Adobe is in hot water after a proposed class-action lawsuit accused the tech giant of using pirated books, including works by author Elizabeth Lyon, to train its SlimLM AI model. This legal action highlights growing concerns over intellectual property rights in the rapidly advancing world of artificial intelligence.
The Allegations Behind the Adobe AI Lawsuit
The lawsuit, filed by Elizabeth Lyon, an author of non-fiction writing guidebooks, claims that Adobe used pirated versions of several books to train its SlimLM model. The lawsuit specifically targets SlimPajama, an open-source dataset used by Adobe, alleging it contains works that were copied from a dataset known as Books3. This dataset, which has been used by various tech companies to train their AI systems, includes a substantial number of copyrighted works.
Lyon claims that her books were part of this dataset, which was manipulated for AI training purposes. The SlimPajama dataset is said to have been created by copying and altering the RedPajama dataset, which has already been associated with similar lawsuits against other tech giants like Apple and Salesforce for using pirated materials in their AI training.

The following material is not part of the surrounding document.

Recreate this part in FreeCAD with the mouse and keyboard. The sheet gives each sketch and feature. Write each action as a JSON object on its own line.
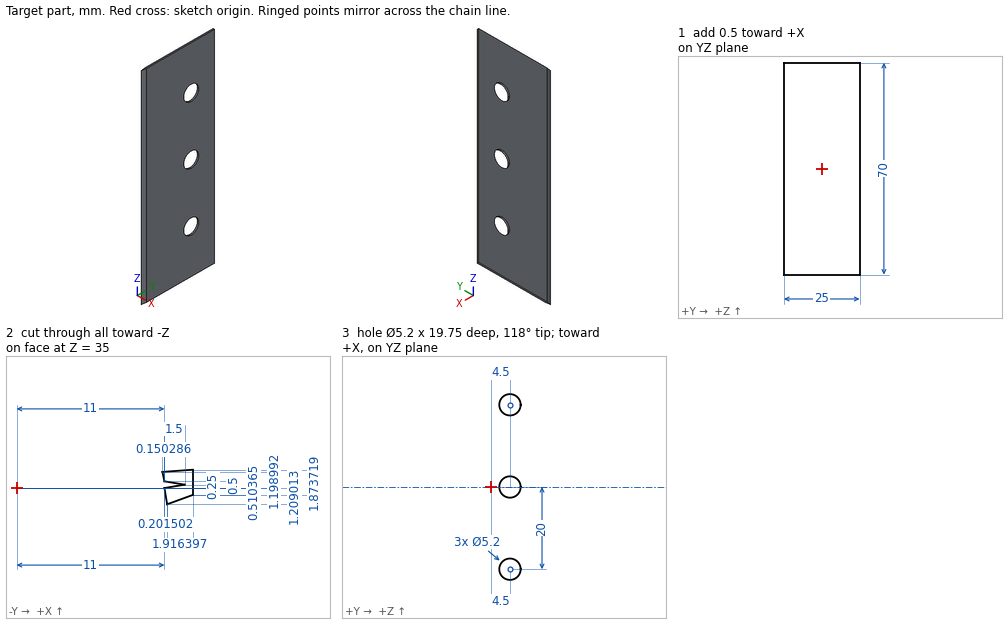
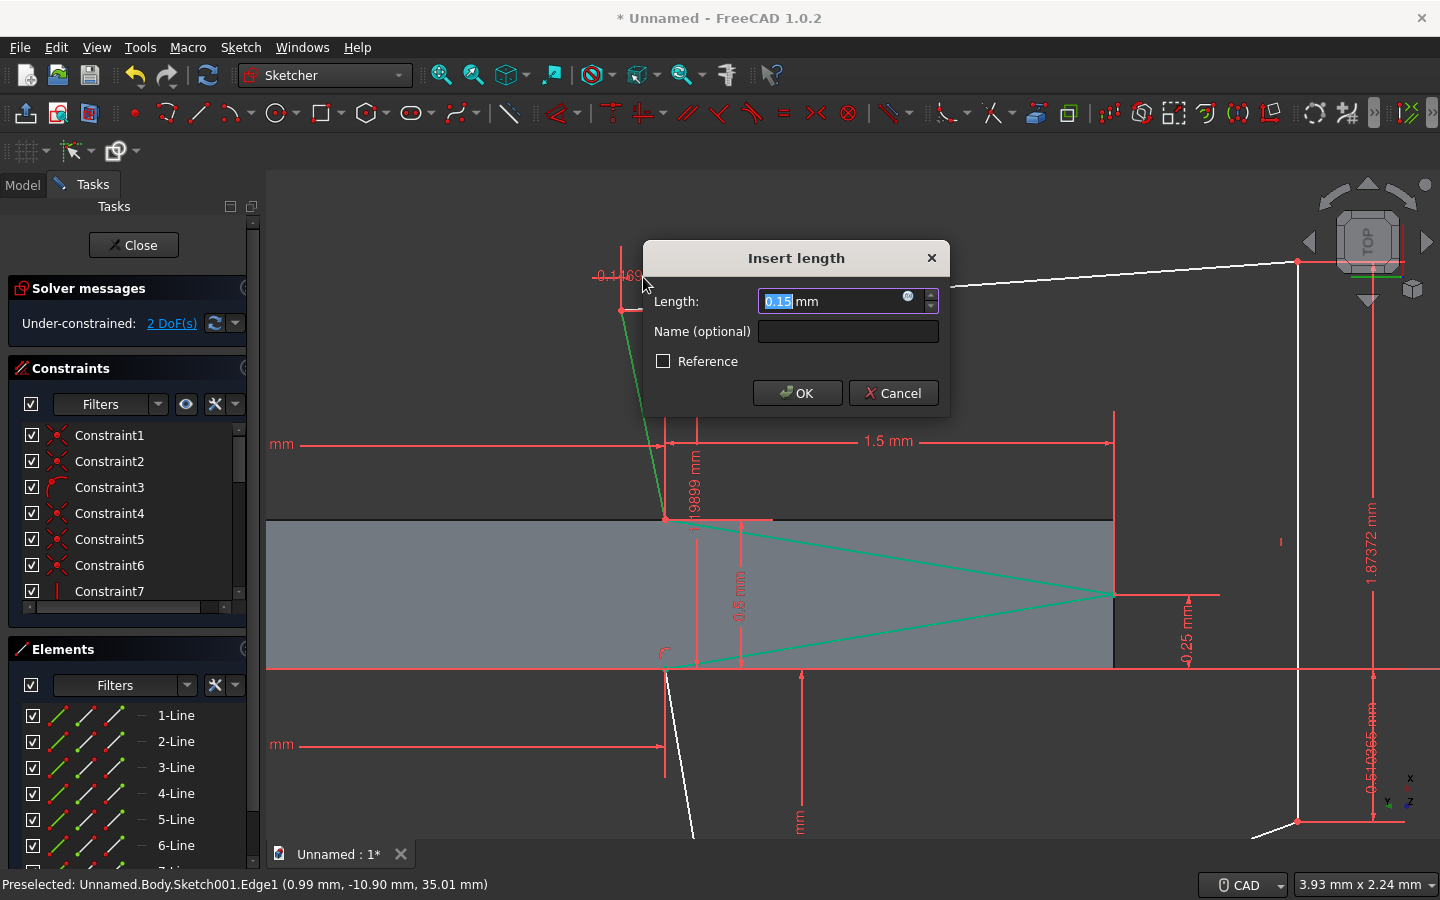
{"action": "type", "text": "0.150286"}
{"action": "key", "text": "Return"}

The Growing Legal Challenges for AI Training
This lawsuit is part of a larger trend where tech companies, including Adobe, face legal challenges over the datasets used to train AI systems. These lawsuits stem from the fact that AI models require vast amounts of data, and sometimes, that data includes pirated or copyrighted materials without permission from the authors.

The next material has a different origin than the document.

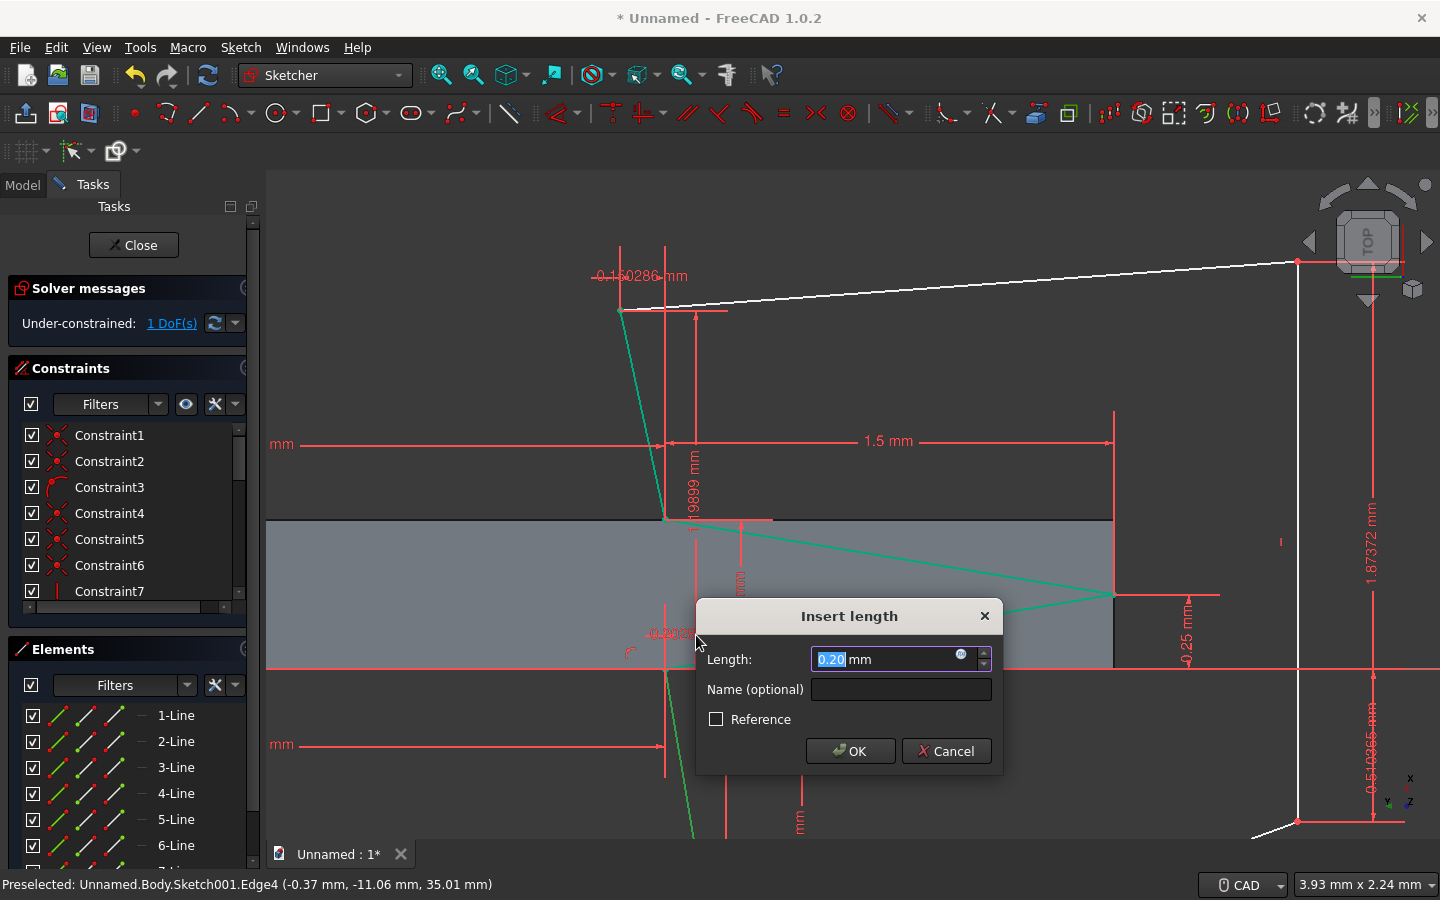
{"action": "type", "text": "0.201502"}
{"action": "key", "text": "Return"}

Previously, Anthropic, the maker of the Claude chatbot, settled with authors for $1.5 billion after similar allegations of using pirated books. This case marked a significant turning point in the ongoing debate over AI training data and intellectual property rights.
What’s Next for Adobe?
The outcome of this case could have wide-reaching implications for AI development and its legal landscape. As Adobe fights these allegations, the tech industry as a whole will be watching closely. If the lawsuit succeeds, it could set a precedent for how AI companies handle copyrighted content in their training datasets, potentially forcing them to adopt more transparent and legally compliant practices.